I started by logging every change (insert, update or delete) from any device into a "history" table. So if, for example, someone changes their phone number in the "contact" table, the system will edit the contact.phone field, and also add a history record with action=update, table=contact, field=phone, record=[contact ID], value=[new phone number]. Then whenever a device syncs, it downloads the history items since the last sync and applies them to its local database. This sounds like the "transaction replication" pattern described above.
One issue is keeping IDs unique when items could be created on different devices. I didn't know about UUIDs when I started this, so I used auto-incrementing IDs and wrote some convoluted code that runs on the central server to check new IDs uploaded from devices, change them to a unique ID if there's a conflict, and tell the source device to change the ID in its local database. Just changing the IDs of new records wasn't that bad, but if I create, for example, a new item in the contact table, then create a new related item in the event table, now I have foreign keys that I also need to check and update.
Eventually I learned that UUIDs could avoid this, but by then my database was getting pretty large and I was afraid a full UUID implementation would create a performance issue. So instead of using full UUIDs, I started using randomly generated, 8 character alphanumeric keys as IDs, and I left my existing code in place to handle conflicts. Somewhere between my current 8-character keys and the 36 characters of a UUID there must be a sweet spot that would eliminate conflicts without unnecessary bloat, but since I already have the conflict resolution code, it hasn't been a priority to experiment with that.
The next problem was that the history table was about 10 times larger than the entire rest of the database. This makes storage expensive, and any maintenance on the history table can be painful. Keeping that entire table allows users to roll back any previous change, but that started to feel like overkill. So I added a routine to the sync process where if the history item that a device last downloaded no longer exists in the history table, the server doesn't give it the recent history items, but instead gives it a file containing all the data for that account. Then I added a cronjob to delete history items older than 90 days. This means users can still roll back changes less than 90 days old, and if they sync at least once every 90 days, the updates will be incremental as before. But if they wait longer than 90 days, the app will replace the entire database.

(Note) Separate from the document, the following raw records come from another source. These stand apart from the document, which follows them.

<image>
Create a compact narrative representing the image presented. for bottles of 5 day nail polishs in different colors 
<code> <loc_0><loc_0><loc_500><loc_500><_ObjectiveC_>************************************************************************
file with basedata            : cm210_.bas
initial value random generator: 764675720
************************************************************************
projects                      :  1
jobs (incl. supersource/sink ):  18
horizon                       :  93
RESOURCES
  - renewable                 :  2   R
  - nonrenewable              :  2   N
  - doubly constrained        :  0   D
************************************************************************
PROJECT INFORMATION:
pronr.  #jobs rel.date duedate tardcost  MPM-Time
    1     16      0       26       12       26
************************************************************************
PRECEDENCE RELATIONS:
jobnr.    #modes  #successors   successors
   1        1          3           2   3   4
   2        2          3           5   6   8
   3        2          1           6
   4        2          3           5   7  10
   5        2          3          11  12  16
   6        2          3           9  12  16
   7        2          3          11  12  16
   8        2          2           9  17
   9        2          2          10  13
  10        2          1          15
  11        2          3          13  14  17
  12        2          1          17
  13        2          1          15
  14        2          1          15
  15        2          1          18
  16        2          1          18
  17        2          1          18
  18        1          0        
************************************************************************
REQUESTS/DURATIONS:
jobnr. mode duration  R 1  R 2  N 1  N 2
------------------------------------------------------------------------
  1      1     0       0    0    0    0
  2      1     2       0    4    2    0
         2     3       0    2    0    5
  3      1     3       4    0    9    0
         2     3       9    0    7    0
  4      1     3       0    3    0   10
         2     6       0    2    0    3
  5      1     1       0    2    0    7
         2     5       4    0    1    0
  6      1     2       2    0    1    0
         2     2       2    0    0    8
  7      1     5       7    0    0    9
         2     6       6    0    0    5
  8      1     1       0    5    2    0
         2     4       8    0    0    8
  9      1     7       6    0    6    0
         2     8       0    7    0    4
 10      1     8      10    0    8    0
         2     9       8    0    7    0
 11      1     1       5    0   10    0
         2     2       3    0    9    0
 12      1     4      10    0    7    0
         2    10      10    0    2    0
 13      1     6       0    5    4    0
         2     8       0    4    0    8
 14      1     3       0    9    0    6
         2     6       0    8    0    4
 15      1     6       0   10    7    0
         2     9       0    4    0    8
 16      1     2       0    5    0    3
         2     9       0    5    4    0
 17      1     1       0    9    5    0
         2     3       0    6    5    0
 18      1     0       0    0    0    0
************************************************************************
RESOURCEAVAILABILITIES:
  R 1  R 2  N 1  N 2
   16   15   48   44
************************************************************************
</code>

That change reduced the size of the history table by almost 90%, so now maintaining the history table only makes the database twice as large instead of ten times as large. Another benefit of this system is that syncing could still work without the history table if needed -- like if I needed to do some maintenance that took it offline temporarily. Or I could offer different rollback time periods for accounts at different price points. And if there are more than 90 days of changes to download, the complete file is usually more efficient than the incremental format.
If I were starting over today, I'd skip the ID conflict checking and just aim for a key length that's sufficient to eliminate conflicts, with some kind of error checking just in case. (It looks like YouTube uses 11-character random IDs.) The history table and the combination of incremental downloads for recent updates or a full download when needed has been working well.

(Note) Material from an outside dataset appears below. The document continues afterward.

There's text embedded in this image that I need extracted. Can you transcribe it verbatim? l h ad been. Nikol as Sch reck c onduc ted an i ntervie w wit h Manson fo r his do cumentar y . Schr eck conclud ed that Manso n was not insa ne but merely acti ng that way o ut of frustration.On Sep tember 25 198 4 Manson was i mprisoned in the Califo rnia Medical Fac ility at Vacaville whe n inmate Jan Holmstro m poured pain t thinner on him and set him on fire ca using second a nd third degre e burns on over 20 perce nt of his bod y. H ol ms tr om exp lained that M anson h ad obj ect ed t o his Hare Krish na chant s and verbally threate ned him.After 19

For delta (change) sync, you can use pubsub pattern to publish changes back to all subscribed clients, services like pusher can do this.

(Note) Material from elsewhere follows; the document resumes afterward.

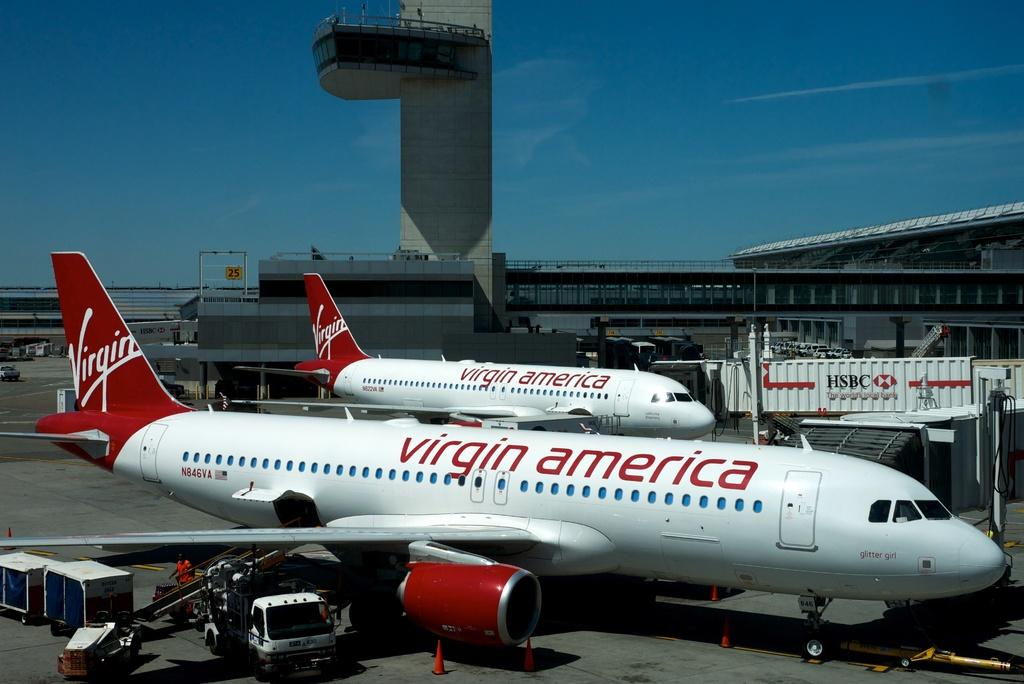<image>
Create a compact narrative representing the image presented. Two red and white Virgin America airplanes at the terminal

For database mirror, some web frameworks use a local mini database to sync server side database to local in browser database, partial synchronization is supported. Check meteror.
This page clearly describes mosts scenarios of data synchronization with patterns and example code: Data Synchronization: Patterns, Tools, & Techniques
It is the most comprehensive source I found, considering whole of delta syncs, strategies on how to handle deletions and server-to-client and client-to-server sync. It is a very good starting point, worth a look.